◆ Entries shown

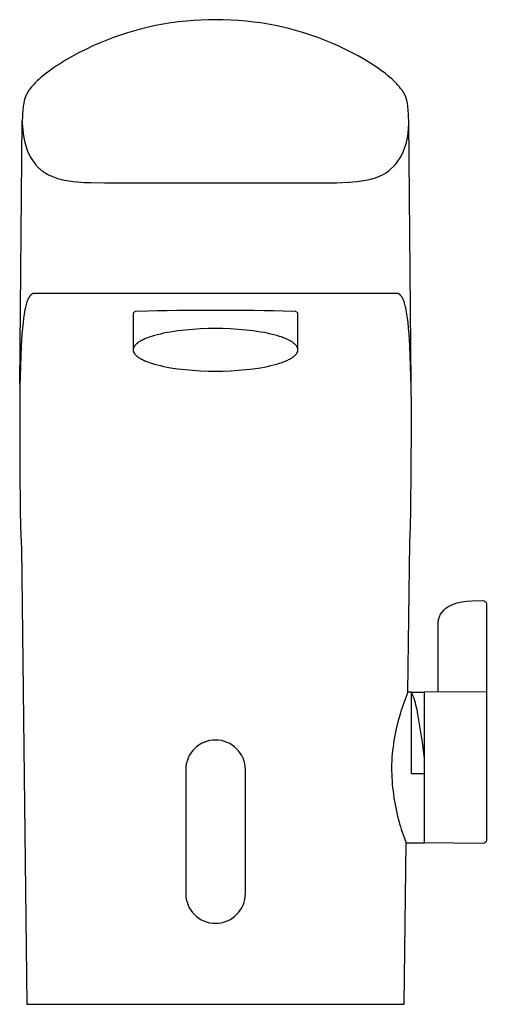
# Model space of a CAD drawing. Header units: millimetres. Extents: x -29 to 39, y 0 to 143.
import ezdxf

# ---------------------------------------------------------------- set-up
doc = ezdxf.new("R2010")
doc.units = ezdxf.units.MM
doc.header["$MEASUREMENT"] = 0
doc.layers.add('PLANNING', color=1, linetype='Continuous')

# ---------------------------------------------------------------- blocks, each defined once
blk = doc.blocks.new('16410000_f')
at = {"layer": 'PLANNING'}
for p, q in [((-28.5, 90.32), (-28.17, 128.71)), ((28.51, 90.32), (28.18, 128.71))]:
    blk.add_line(p, q, dxfattribs=at)
for points in [[(-16.2, 119.67), (16.2, 119.67), (17.61, 119.69), (19.31, 119.75), (19.47, 119.76), (20.61, 119.85), (22.23, 120.11), (22.58, 120.2, 0.099503), (25.28, 121.43), (26.25, 122.34), (27.02, 123.47), (27.42, 124.31), (27.81, 125.53), (28.01, 126.53), (28.07, 126.9), (28.17, 128.34), (28.15, 129.7), (28.02, 130.86), (27.97, 131.22), (27.87, 131.7), (27.85, 131.77), (27.83, 131.84), (27.81, 131.91), (27.79, 131.98), (27.77, 132.05), (27.74, 132.11), (27.72, 132.18), (27.69, 132.25), (27.67, 132.31), (27.64, 132.37), (27.58, 132.5), (27.52, 132.63), (27.45, 132.75), (27.38, 132.87), (27.31, 132.99), (27.23, 133.11), (27.15, 133.22), (27.07, 133.33), (26.98, 133.44), (26.81, 133.66), (26.68, 133.82), (26.54, 133.97), (26.41, 134.11), (26.27, 134.26), (26.13, 134.4), (25.98, 134.54), (25.69, 134.81), (25.38, 135.08), (25.07, 135.33), (24.75, 135.58), (23.99, 136.15), (23.55, 136.46), (22.65, 137.06), (21.72, 137.63), (20.78, 138.17), (19.83, 138.68), (18.85, 139.17), (17.87, 139.63), (16.87, 140.06), (15.89, 140.46), (14.89, 140.84), (13.89, 141.19), (12.87, 141.52), (11.85, 141.83), (10.83, 142.11), (9.79, 142.36), (8.75, 142.58), (7.68, 142.78), (6.61, 142.96), (5.53, 143.1), (4.45, 143.22), (3.34, 143.32), (2.23, 143.39), (1.12, 143.43), (0, 143.44), (-1.06, 143.43), (-2.13, 143.39), (-3.19, 143.33), (-4.25, 143.25), (-5.38, 143.12), (-6.51, 142.97), (-7.63, 142.79), (-8.75, 142.58), (-9.78, 142.36), (-10.81, 142.11), (-11.83, 141.83), (-12.84, 141.53), (-13.85, 141.21), (-14.85, 140.85), (-15.84, 140.48), (-16.82, 140.08), (-17.88, 139.61), (-18.92, 139.12), (-19.96, 138.6), (-20.97, 138.05), (-21.87, 137.53), (-22.76, 136.98), (-23.19, 136.7), (-23.62, 136.41), (-24.05, 136.11), (-24.46, 135.8), (-24.78, 135.56), (-25.09, 135.32), (-25.4, 135.06), (-25.69, 134.8), (-25.98, 134.53), (-26.27, 134.25), (-26.4, 134.11), (-26.54, 133.96), (-26.67, 133.81), (-26.8, 133.66), (-26.97, 133.45), (-27.06, 133.34), (-27.14, 133.22), (-27.22, 133.11), (-27.29, 132.99), (-27.37, 132.87), (-27.44, 132.75), (-27.51, 132.63), (-27.57, 132.51), (-27.63, 132.38), (-27.66, 132.32), (-27.68, 132.26), (-27.71, 132.19), (-27.73, 132.13), (-27.76, 132.06), (-27.78, 132), (-27.8, 131.93), (-27.82, 131.86), (-27.84, 131.79), (-27.86, 131.72), (-27.87, 131.68), (-27.96, 131.22), (-28.02, 130.86), (-28.14, 129.7), (-28.17, 128.34), (-28.06, 126.9), (-28.01, 126.53), (-27.81, 125.53), (-27.42, 124.31), (-27.02, 123.47), (-26.24, 122.34), (-26.16, 122.24), (-26.07, 122.14), (-25.98, 122.05), (-25.88, 121.96), (-25.79, 121.87), (-25.69, 121.78), (-25.6, 121.69), (-25.5, 121.61), (-25.39, 121.52), (-25.28, 121.44), (-25.17, 121.36), (-25.06, 121.28), (-24.95, 121.2), (-24.83, 121.13), (-24.71, 121.06), (-24.6, 120.99), (-24.48, 120.92), (-24.36, 120.86), (-24.24, 120.8), (-24.12, 120.74), (-24, 120.69), (-23.88, 120.63), (-23.63, 120.53), (-23.38, 120.44), (-23.13, 120.35), (-22.87, 120.27), (-22.61, 120.2), (-22.31, 120.13), (-22, 120.06), (-21.68, 120), (-21.37, 119.95), (-21.06, 119.91), (-20.74, 119.87), (-20.11, 119.81), (-19.13, 119.74), (-18.16, 119.7), (-16.2, 119.67)], [(12, 95.62), (12, 100.71, 0.314106), (11.25, 100.95, 0.011984), (-11.25, 100.95, 0.314106), (-12, 100.71), (-12, 95.62)], [(32.47, 45.52), (32.47, 55.63), (32.51, 56.07), (32.81, 56.86), (33.3, 57.47), (33.55, 57.69), (33.88, 57.92), (34.52, 58.24), (35.2, 58.48), (35.91, 58.64), (36.65, 58.74), (37.34, 58.78), (38.96, 58.82, -0.420828), (39.47, 58.32), (39.47, 45.56), (39.47, 45.58), (39.47, 45.58), (39.47, 45.58), (39.47, 45.58), (39.47, 45.58), (39.47, 45.54), (39.47, 45.32), (39.47, 44.24), (39.47, 40.04), (39.47, 23.93, -0.416772), (38.96, 23.43), (30.47, 23.5)], [(28.04, 45.49, 0.021817), (26.9, 42.28, 0.068843), (25.65, 34.5, 0.063964), (26.71, 26.72, 0.029305), (27.78, 23.5)], [(27.78, 23.5), (30.47, 23.52, 0.000042), (30.47, 24.97), (30.47, 45.5), (39.47, 45.58)], [(30.47, 35.8), (30.17, 38.18), (29.5, 42.27, 0.037807), (28.83, 44.86), (28.54, 45.45), (30.47, 45.47)], [(4.35, 16.15), (4.35, 34.15, 1), (-4.35, 34.15), (-4.35, 16.15, 1), (4.35, 16.15)]]:
    blk.add_lwpolyline(points, format="xyb", dxfattribs=at)
for points in [[(28.04, 45.49), (28.33, 67.23), (28.39, 68.42), (28.43, 69.61), (28.47, 71.99), (28.53, 78.03), (28.55, 84.07), (28.54, 87.04), (28.51, 90), (28.44, 92.96), (28.32, 95.91), (28.22, 97.63), (28.15, 98.49), (28.06, 99.35), (27.98, 99.95), (27.89, 100.56), (27.78, 101.16), (27.72, 101.46), (27.65, 101.76), (27.61, 101.94), (27.56, 102.12), (27.53, 102.21), (27.5, 102.3), (27.47, 102.38), (27.44, 102.47), (27.41, 102.56), (27.37, 102.64), (27.33, 102.73), (27.29, 102.81), (27.27, 102.85), (27.25, 102.89), (27.23, 102.93), (27.2, 102.97), (27.18, 103.01), (27.15, 103.05), (27.13, 103.09), (27.1, 103.13), (27.07, 103.17), (27.03, 103.21), (27, 103.25), (26.98, 103.27), (26.96, 103.29), (26.95, 103.31), (26.93, 103.33), (26.91, 103.35), (26.89, 103.36), (26.87, 103.38), (26.85, 103.4), (26.83, 103.41), (26.81, 103.43), (26.79, 103.44), (26.76, 103.46), (26.75, 103.46), (26.74, 103.47), (26.73, 103.48), (26.72, 103.48), (26.71, 103.49), (26.7, 103.49), (26.68, 103.5), (26.67, 103.5), (26.66, 103.51), (26.65, 103.51), (26.64, 103.52), (26.62, 103.52), (26.61, 103.53), (26.6, 103.53), (26.59, 103.53), (26.57, 103.54), (26.56, 103.54), (26.55, 103.54), (26.53, 103.54), (26.52, 103.54), (26.51, 103.55), (26.49, 103.55), (26.48, 103.55), (26.47, 103.55), (26.45, 103.55), (26.44, 103.55), (26.42, 103.55), (26.41, 103.55), (-26.4, 103.55), (-26.42, 103.55), (-26.43, 103.55), (-26.45, 103.55), (-26.46, 103.55), (-26.47, 103.55), (-26.49, 103.55), (-26.5, 103.55), (-26.52, 103.54), (-26.53, 103.54), (-26.54, 103.54), (-26.55, 103.54), (-26.57, 103.54), (-26.58, 103.53), (-26.59, 103.53), (-26.61, 103.53), (-26.62, 103.52), (-26.63, 103.52), (-26.64, 103.51), (-26.65, 103.51), (-26.67, 103.5), (-26.68, 103.5), (-26.69, 103.49), (-26.7, 103.49), (-26.71, 103.48), (-26.73, 103.48), (-26.74, 103.47), (-26.75, 103.46), (-26.76, 103.46), (-26.78, 103.44), (-26.8, 103.43), (-26.82, 103.41), (-26.84, 103.4), (-26.86, 103.38), (-26.88, 103.36), (-26.9, 103.35), (-26.92, 103.33), (-26.94, 103.31), (-26.96, 103.29), (-26.98, 103.27), (-27, 103.25), (-27.03, 103.21), (-27.06, 103.17), (-27.1, 103.13), (-27.12, 103.09), (-27.15, 103.05), (-27.17, 103.01), (-27.2, 102.97), (-27.22, 102.93), (-27.25, 102.89), (-27.27, 102.85), (-27.29, 102.81), (-27.33, 102.73), (-27.37, 102.64), (-27.4, 102.56), (-27.44, 102.47), (-27.47, 102.38), (-27.5, 102.3), (-27.53, 102.21), (-27.55, 102.12), (-27.6, 101.94), (-27.65, 101.76), (-27.71, 101.46), (-27.78, 101.16), (-27.89, 100.56), (-27.98, 99.95), (-28.05, 99.35), (-28.14, 98.49), (-28.21, 97.63), (-28.32, 95.91), (-28.44, 92.96), (-28.51, 90), (-28.54, 87.04), (-28.54, 84.07), (-28.52, 78.03), (-28.46, 71.99), (-28.41, 69.61), (-28.33, 67.23), (-28.29, 66.44), (-27.49, 0), (27.49, 0), (27.77, 23.52)], [(-12, 95.34), (-12, 95.33), (-12, 95.31), (-12, 95.29), (-11.99, 95.27), (-11.99, 95.26), (-11.99, 95.24), (-11.99, 95.22), (-11.99, 95.2), (-11.98, 95.19), (-11.98, 95.17), (-11.97, 95.15), (-11.97, 95.13), (-11.97, 95.12), (-11.96, 95.1), (-11.96, 95.08), (-11.95, 95.06), (-11.94, 95.05), (-11.94, 95.03), (-11.93, 95.01), (-11.92, 94.99), (-11.91, 94.98), (-11.9, 94.96), (-11.9, 94.94), (-11.89, 94.92), (-11.88, 94.9), (-11.87, 94.89), (-11.85, 94.85), (-11.82, 94.81), (-11.8, 94.78), (-11.77, 94.74), (-11.74, 94.71), (-11.71, 94.67), (-11.68, 94.63), (-11.65, 94.6), (-11.61, 94.56), (-11.57, 94.52), (-11.53, 94.49), (-11.49, 94.45), (-11.45, 94.42), (-11.41, 94.38), (-11.36, 94.34), (-11.31, 94.31), (-11.26, 94.27), (-11.16, 94.2), (-11.04, 94.13), (-10.92, 94.06), (-10.79, 93.99), (-10.66, 93.92), (-10.51, 93.85), (-10.36, 93.78), (-10.21, 93.71), (-10.04, 93.64), (-9.87, 93.58), (-9.69, 93.51), (-9.31, 93.39), (-8.91, 93.26), (-8.48, 93.15), (-8.03, 93.04), (-7.56, 92.93), (-7.07, 92.83), (-6.56, 92.74), (-5.51, 92.58), (-4.41, 92.46), (-3.3, 92.36), (-2.18, 92.29), (-1.08, 92.25), (0, 92.24), (1.08, 92.25), (2.19, 92.29), (3.3, 92.36), (4.42, 92.46), (5.51, 92.58), (6.57, 92.74), (7.08, 92.83), (7.57, 92.93), (8.04, 93.04), (8.49, 93.15), (8.92, 93.26), (9.32, 93.39), (9.7, 93.51), (9.87, 93.58), (10.05, 93.64), (10.21, 93.71), (10.37, 93.78), (10.52, 93.85), (10.66, 93.92), (10.8, 93.99), (10.93, 94.06), (11.05, 94.13), (11.16, 94.2), (11.27, 94.27), (11.32, 94.31), (11.36, 94.34), (11.41, 94.38), (11.46, 94.42), (11.5, 94.45), (11.54, 94.49), (11.58, 94.52), (11.62, 94.56), (11.65, 94.6), (11.68, 94.63), (11.72, 94.67), (11.75, 94.71), (11.78, 94.74), (11.8, 94.78), (11.83, 94.81), (11.85, 94.85), (11.87, 94.89), (11.88, 94.9), (11.89, 94.92), (11.9, 94.94), (11.91, 94.96), (11.92, 94.98), (11.93, 94.99), (11.93, 95.01), (11.94, 95.03), (11.95, 95.05), (11.95, 95.06), (11.96, 95.08), (11.97, 95.1), (11.97, 95.12), (11.98, 95.13), (11.98, 95.15), (11.98, 95.17), (11.99, 95.19), (11.99, 95.2), (11.99, 95.22), (12, 95.24), (12, 95.26), (12, 95.27), (12, 95.29), (12, 95.31), (12, 95.33), (12, 95.34), (12, 95.36), (12, 95.38), (12, 95.39), (12, 95.41), (12, 95.43), (12, 95.45), (11.99, 95.46), (11.99, 95.48), (11.99, 95.5), (11.98, 95.52), (11.98, 95.53), (11.98, 95.55), (11.97, 95.57), (11.97, 95.59), (11.96, 95.6), (11.95, 95.62), (11.95, 95.64), (11.94, 95.66), (11.93, 95.68), (11.93, 95.69), (11.92, 95.71), (11.91, 95.73), (11.9, 95.75), (11.89, 95.76), (11.88, 95.78), (11.87, 95.8), (11.85, 95.84), (11.83, 95.87), (11.8, 95.91), (11.78, 95.94), (11.75, 95.98), (11.72, 96.02), (11.68, 96.05), (11.65, 96.09), (11.62, 96.13), (11.58, 96.16), (11.54, 96.2), (11.5, 96.23), (11.46, 96.27), (11.41, 96.31), (11.36, 96.34), (11.32, 96.38), (11.27, 96.41), (11.16, 96.49), (11.05, 96.56), (10.93, 96.63), (10.8, 96.7), (10.66, 96.77), (10.52, 96.84), (10.37, 96.91), (10.21, 96.98), (10.05, 97.04), (9.87, 97.11), (9.7, 97.17), (9.32, 97.3), (8.92, 97.42), (8.49, 97.54), (8.04, 97.65), (7.57, 97.75), (7.08, 97.85), (6.57, 97.94), (5.51, 98.1), (4.42, 98.23), (3.3, 98.33), (2.19, 98.4), (1.08, 98.44), (0, 98.45), (-1.08, 98.44), (-2.18, 98.4), (-3.3, 98.33), (-4.41, 98.23), (-5.51, 98.1), (-6.56, 97.94), (-7.07, 97.85), (-7.56, 97.75), (-8.03, 97.65), (-8.48, 97.54), (-8.91, 97.42), (-9.31, 97.3), (-9.69, 97.17), (-9.87, 97.11), (-10.04, 97.04), (-10.21, 96.98), (-10.36, 96.91), (-10.51, 96.84), (-10.66, 96.77), (-10.79, 96.7), (-10.92, 96.63), (-11.04, 96.56), (-11.16, 96.49), (-11.26, 96.41), (-11.31, 96.38), (-11.36, 96.34), (-11.41, 96.31), (-11.45, 96.27), (-11.49, 96.23), (-11.53, 96.2), (-11.57, 96.16), (-11.61, 96.13), (-11.65, 96.09), (-11.68, 96.05), (-11.71, 96.02), (-11.74, 95.98), (-11.77, 95.94), (-11.8, 95.91), (-11.82, 95.87), (-11.85, 95.84), (-11.87, 95.8), (-11.88, 95.78), (-11.89, 95.76), (-11.9, 95.75), (-11.9, 95.73), (-11.91, 95.71), (-11.92, 95.69), (-11.93, 95.68), (-11.94, 95.66), (-11.94, 95.64), (-11.95, 95.62), (-11.96, 95.6), (-11.96, 95.59), (-11.97, 95.57), (-11.97, 95.55), (-11.97, 95.53), (-11.98, 95.52), (-11.98, 95.5), (-11.99, 95.48), (-11.99, 95.46), (-11.99, 95.45), (-11.99, 95.43), (-11.99, 95.41), (-12, 95.39), (-12, 95.38), (-12, 95.36), (-12, 95.34)], [(30.47, 33.56), (28.54, 33.56), (28.54, 45.49), (28.05, 45.49)]]:
    blk.add_lwpolyline(points, dxfattribs=at)

msp = doc.modelspace()

# ---------------------------------------------------------------- block references
msp.add_blockref('16410000_f', (0, 0))

doc.saveas('drawing.dxf')

◆ Problem requirements
Using the listing, filter for "dxfattribs" and return the matching lines.

◆ The completed task
    blk.add_line(p, q, dxfattribs=at)
    blk.add_lwpolyline(points, format="xyb", dxfattribs=at)
    blk.add_lwpolyline(points, dxfattribs=at)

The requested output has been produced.